Apple [AAPL] has had a strong to 2019 with its shares rising 37% to $216.70 up to 11 September. It has made solid progress since the shock profit warning in early January when it cut sales forecasts because of the Chinese economic slowdown.
The tech company has gained its significant ground despite another Chinese headache: the US/Chinese trade war. Although iPhones have not been targeted as of yet, this will change in December when a 10% US tariff on $300bn worth of Chinese imports comes into play. This matters for Apple as the iPhone, Mac and Watch are assembled in China.
So, will Apple’s share price continue to blossom or is it set for an autumnal fall?
A hike is coming
Apples iPhone 11 and new Apple Watch shared the stage with services and online content, as the company look to cement a shift from hardware, and more specifically, the smartphone market.
The tech company’s launch of services this autumn will include Apple’s TV+ streaming service and the Arcade gaming subscription service.
This pivot also comes as Apple face ongoing antitrust scrutiny and the firm didn’t miss the opportunity to promote its privacy capabilities, claiming the latter is “built from the ground up” within each device.
“Apple shares have yet to recapture the all-time high reached last September. The major reason for this is poor earnings momentum and investors will be looking forward to the launch,” said Russ Mould, AJ Bell Investment director.
Trade talks in October between the US and China could lead to a positive resolution of the dispute and lift the threat of that smartphone hike. Conversely, failure would cast a gloom over Apple’s shares.
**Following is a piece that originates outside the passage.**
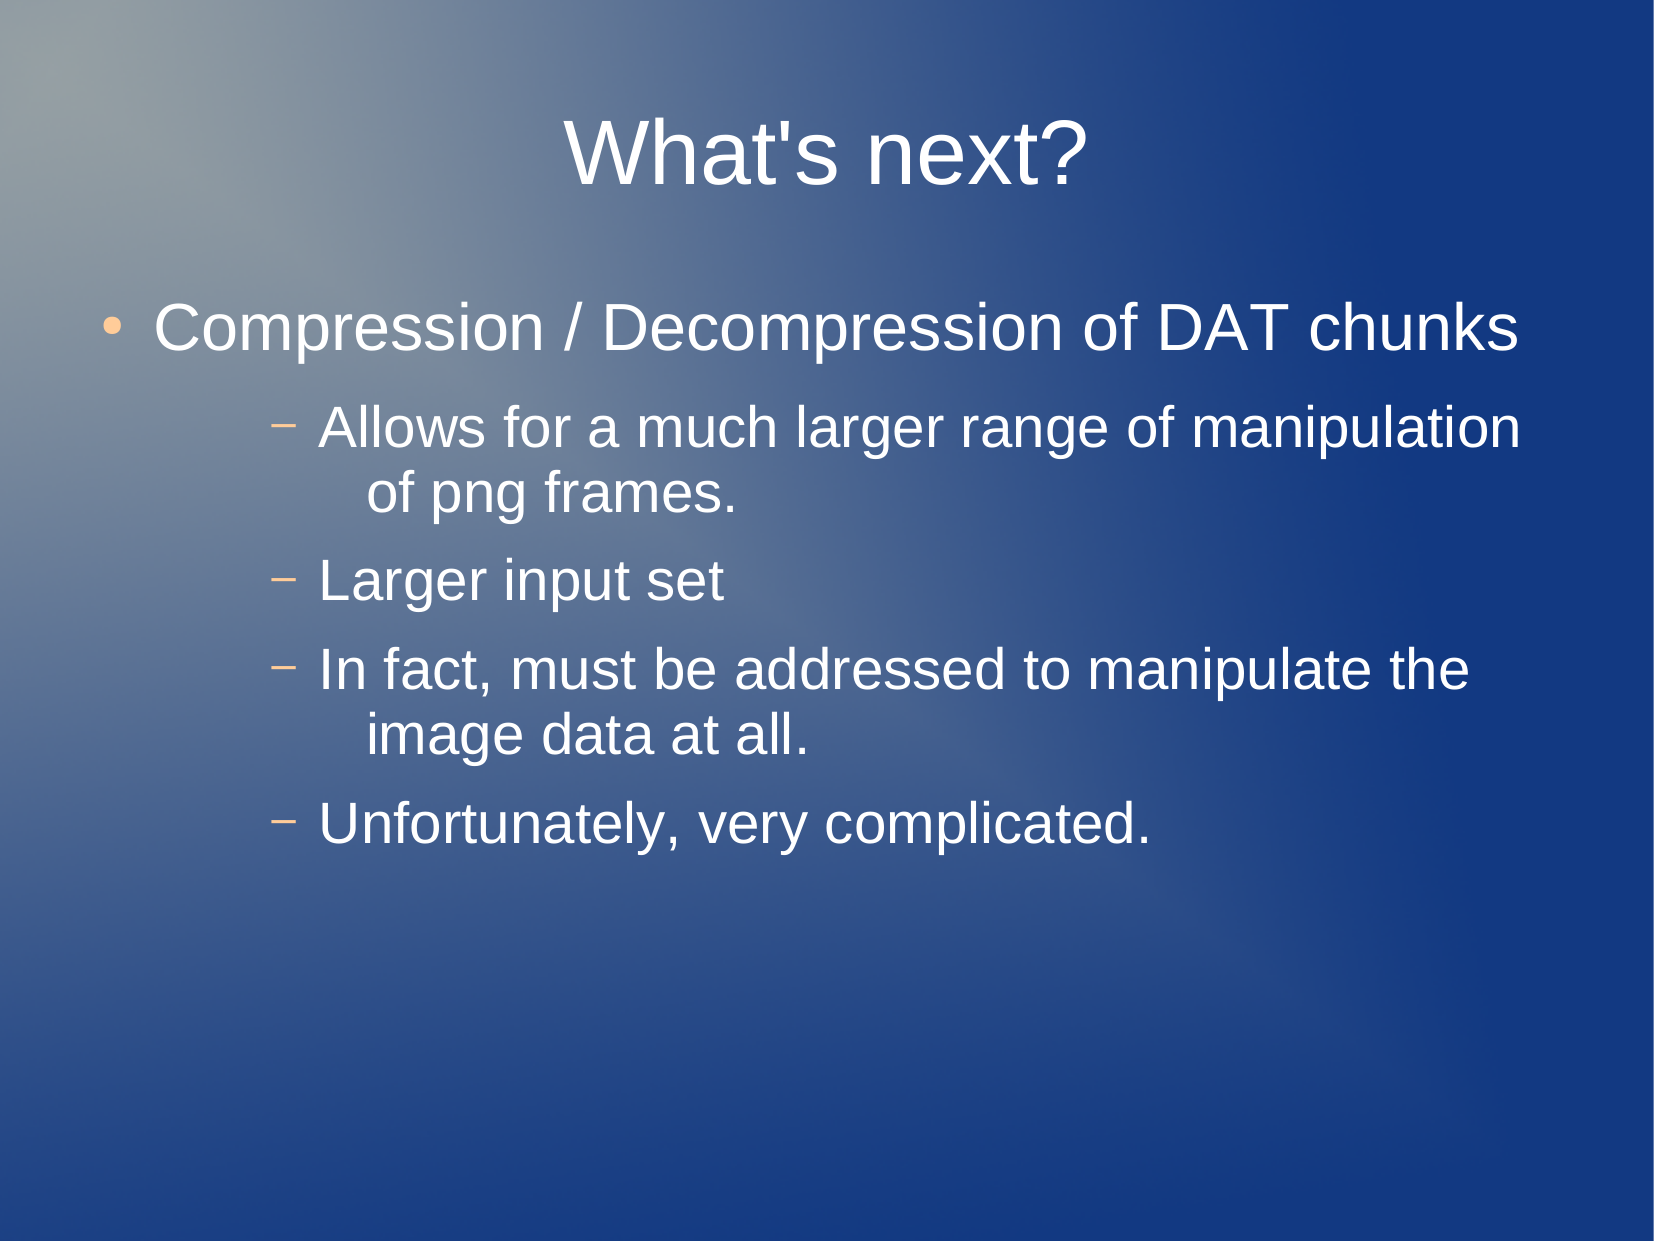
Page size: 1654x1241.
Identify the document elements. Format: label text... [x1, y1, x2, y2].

But perhaps, some analysts suggest, it is not that simple. According to Stone Capital, the financial impact of a December tariff imposition will be limited as Apple shifts production away from China and towards India and Vietnam. It said that Apple’s FY20 earnings per share target has been maintained at $14 with the potential of a $0.25 hit from tariffs.
TF International Securities analyst Ming-Chi Kuo says moving production away from China will meet US market demand for iPhones in 2020. Kuo predicts that a 10% tariff will ‘only’ hit Apple for $1.9billion.
“My guess is that Apple will take some minor price increases and split some of the costs with suppliers like Foxconn and Pegatron,” Kuo added.
“My guess is that Apple will take some minor price increases and split some of the costs with suppliers like Foxconn and Pegatron” - TF International Securities analyst Ming-Chi Kuo
What else should traders be looking at?
Apple’s P/E ratio of 18.11 (TTM) is, like many tech stocks, high, but it may be more telling to study its EV/E valuation, which measures a company’s return on its capital investments.
Whilst the P/E metric gives valuation of the equity portion of a company and can get overvalued by market perception, the Enterprise Value – a company’s equity value or market cap plus debt less cash and EBITDA – can give a clearer picture of future earnings potential.
At $213 Apple trades at an attractive EV/E (enterprise value/EBITDA) multiple of only 13x, according to Stone Fox Capital. That suggests that – as a result of the overstated macroeconomic risk - the stock is undervalued and should be attractive to traders.
Further incentive to buy shares comes from Apple’s declaration in its third-quarter report to hike its share buyback program from $100bn to $175bn. It has also raised its cash dividend from $0.73 to $0.77 per share.
The group has recently completed a $7bn bond sale, adding to an existing cash pile of around $210bn. It will use the sum to pay for the buybacks, fund capital expenditure, repay debt and make acquisitions.
|PE ratio (TTM)||18.40|
|Operating margin (TTM)||24.87%|
Apple share price vitals, Yahoo Finance, 11 September 2019
According to the FT, the consensus of analysts following Apple is ‘outperform’ with a median 12-month price target of $225.
Not all is rosy for Apple, however. Its revenues have declined over the last two quarters - although for the fourth quarter it has forecasted revenue of between $61bn - $64bn, up from $61n previously.
“After a 10% year-on-year drop in EPS in the second quarter of the fiscal year to September and a 7% drop in the third, guidance given by chief executive Tim Cook still leaves analysts pencilling in a 3% year-on-year slide in the fourth and final period at $2.83. This is Apple’s third profits slide of the decade,” adds Mould.